Nice job! I especially like how the HC grows on that slope. 
How long has this paludarium been set up for?


----------



## mellowvision (Feb 6, 2009)

thanks! the pictures span 16 days.


----------



## Xphile1999 (Mar 26, 2009)

Can we ask how the cork has (or hasn't) heldup since initial planting?

Great work BTW!


----------



## maverick3x6 (Jul 31, 2008)

Excellent work with the HC, beautiful little carpet you have there. (sorry if you specified before, short on time), but how much did you put down initially?


----------



## mellowvision (Feb 6, 2009)

heya.

the cork is holding up fine, i see no signs of deterioration and it's become a favorite food spot for my snails, who climb the water falls and graze what they find at the top.

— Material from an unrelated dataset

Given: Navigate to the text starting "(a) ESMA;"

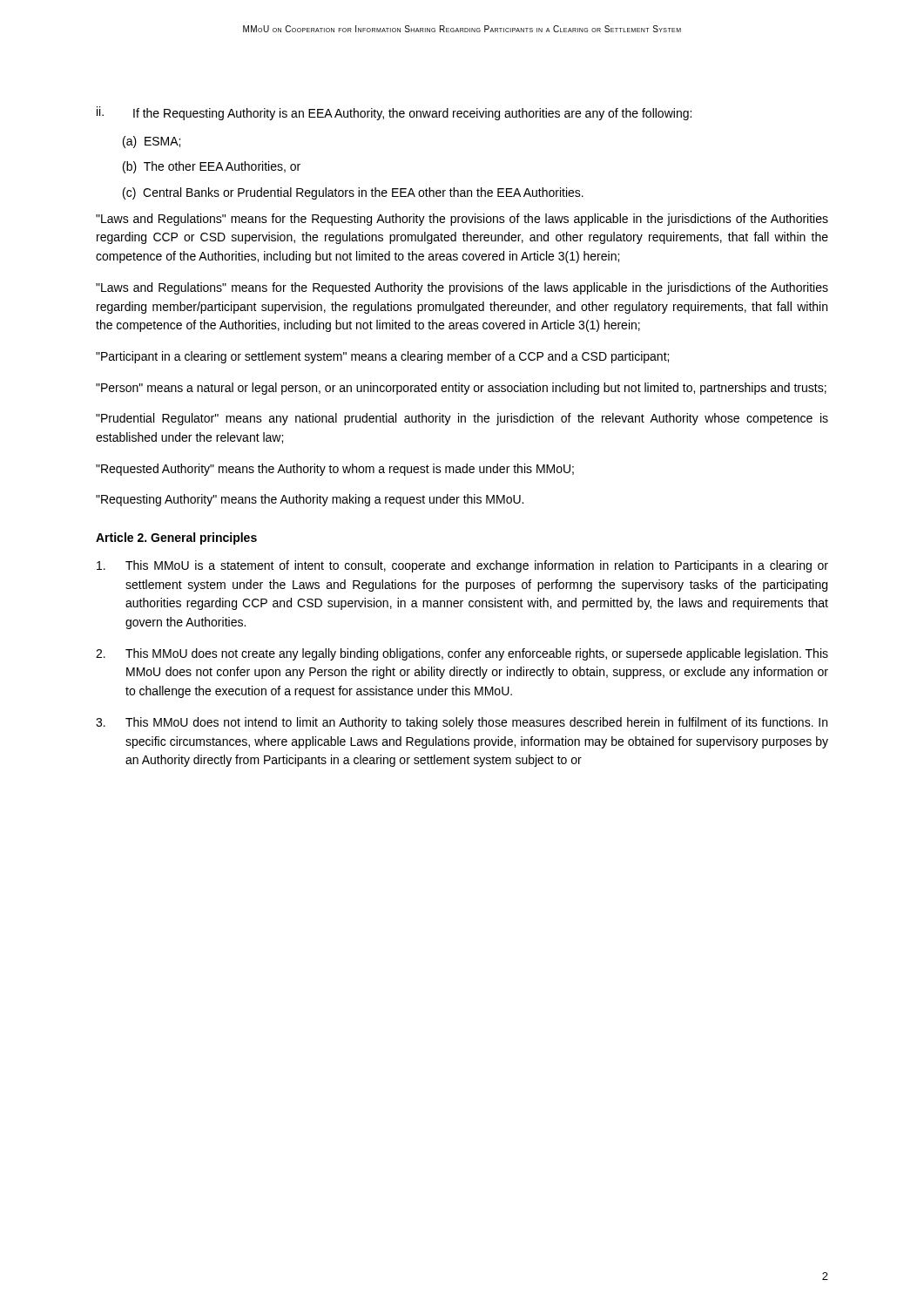Looking at the screenshot, I should pyautogui.click(x=152, y=141).
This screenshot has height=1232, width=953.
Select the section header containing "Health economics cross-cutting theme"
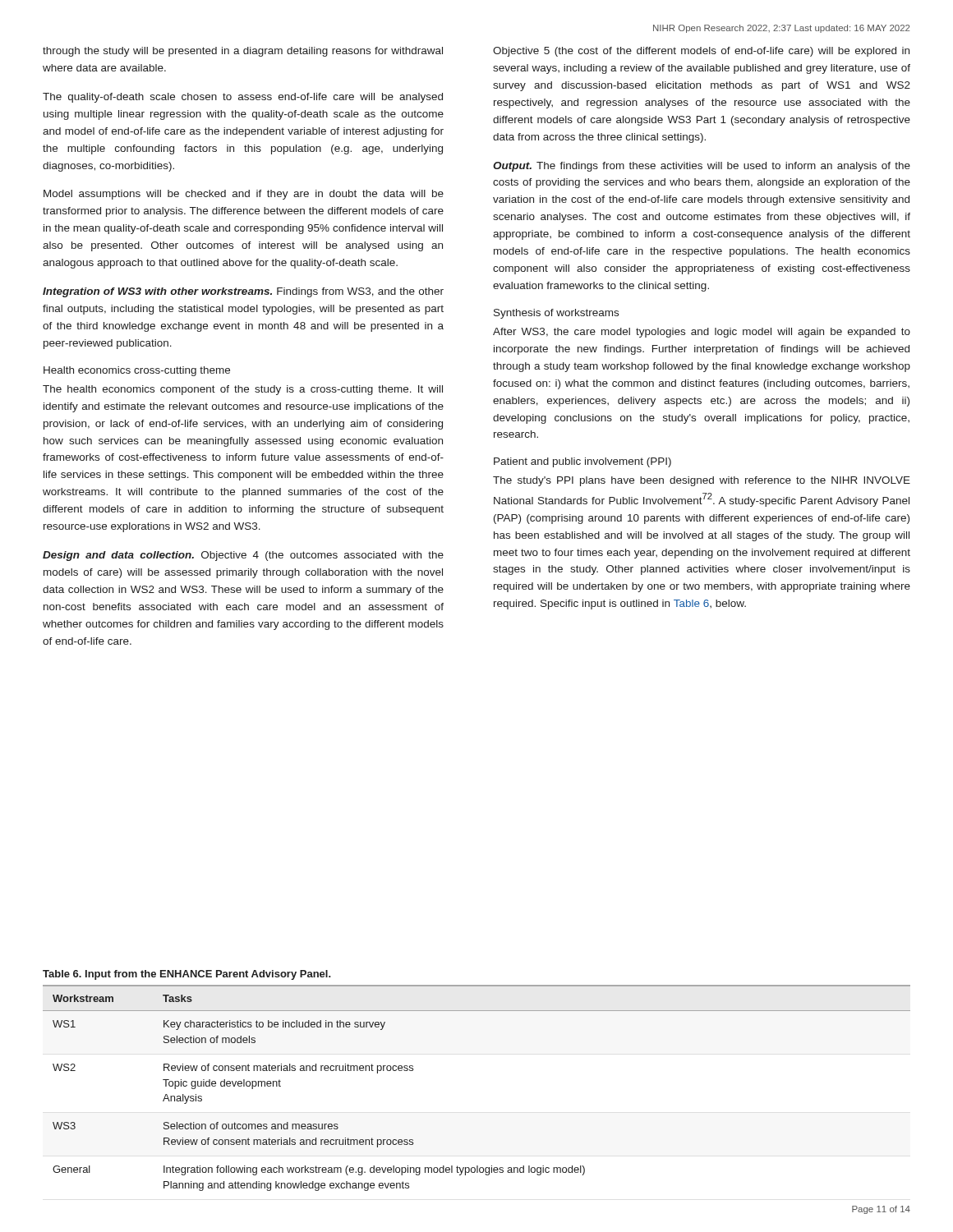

in terms of the HC, I put down a lot. I bought a 4"x8" rectangle mat of it, and broke that up over the surface. I didn't want to wait for it to grow in. I'm glad I did this too, because now the mats have rooted to the substrate and to the cork, and are thick and dense, like pressing on upholstery or broccoli almost. I've seen a ton of growth.


----------



## reptileink (May 1, 2005)

When I used cork bark in my Paludarium, it looked great for a couple weeks, then the tannin in the bark(brown color) started to really leach out into the water and turned it a very dark brown, almost making it impossible to see the fish. I guess I could have done multiple water changes all the time, but I just let nature take it's course. Ended up looking like strong tea.....lol


----------



## mellowvision (Feb 6, 2009)

I was worried about that, but haven't seen that much discoloration yet. I am building a larger tank like this, that is going to be completely submerged cork, not a paludarium, an aquarium... but part of doing it is to see how much leeches. Water changes and good filtration should keep the water clear enough to see, and tannins ought to subside over time.


----------



## chinoanoah (Mar 9, 2009)

Any updated pics?


----------



## dart_frog_junkie (Apr 9, 2009)

Looks great! I just have one question, what are the floating plants? They look like something I could use for another viv project


----------



## super7 (Oct 27, 2008)

dart_frog_junkie said:


> Looks great! I just have one question, what are the floating plants? They look like something I could use for another viv project


Im pretty sure the floating plants are a type of salvinia.
Super7


----------



## dart_frog_junkie (Apr 9, 2009)

super7 said:


> Im pretty sure the floating plants are a type of salvinia.
> Super7


Thanks Super7


----------



## daemondamian (Feb 3, 2008)

Sweet little tank! 

I was wondering in the 2nd photo there's another tank on the right hand side - a fishtank/paludarium type set up? 

Do my eyes deceive me or do you have a tree growing in there?

I once thought about swamp cypress being great to grow out of a fishtank and actually sowed seed but my seedlings died in the winter - oops :\ lol.


----------



## mellowvision (Feb 6, 2009)

thanks! 

you are correct, that is a tree growing in there. 2 really. One is just a red mangrove I got as a seed pod. I had it in the same tank until about a month ago when I took the tank down. They really don't like having their roots disturbed, and it never recovered. The other tree in the back corner is pretty cool, I started it from a branch trimmed from a Ming Aralia. (funny backstory, it was the only part of the tree, which I bought from Ikea, that survived the mossy pot catching on fire) 

I cut the branch back in 2008 or so, and planted it in about 4" of eco-complete hung in a windowscreen bowl/island in the corner of the tank. It quickly rooted and shot roots through the screen, and started taking pretty well. Since then, I've kept it growing, and even cut more trees from the original cutting. Right now, I have 4 main trunks with several smaller offshoots that all stand between 16-24" tall. They all have their roots completely soaked all the time. I currently have them growing in a 12"x12"x4" glass vase that I built some quick planters in to try out sculpey. It sort of looks like a grove stand type bonsai. The trees are doing great, but the banks haven't really had the amount of moss growth I was hoping for. 

There are some great pics on this page Have you used sculpey or another pvc clay? - Page 4 

I should probably post some updated pics too, haven't had the time to pretty it up for a shot.

One word of warning though, Ming Aralias are considered poisonous, so you need to be careful handling them, and don't want your dog to eat them or anything like that. I haven't had any problems with fish or inverts with them, even when they've fallen in the water, but I'm very careful with the trimmings.


----------



## daemondamian (Feb 3, 2008)

Thank you so much for the great information and link to your thread. 

That setup looks pretty awesome too! 

I'd definitely love to see how it's looking now.


----------



## Taron (Sep 23, 2009)

Sweet paludarium.....i like the anubias

dart frogs, fish, plants, and tons of other critters


----------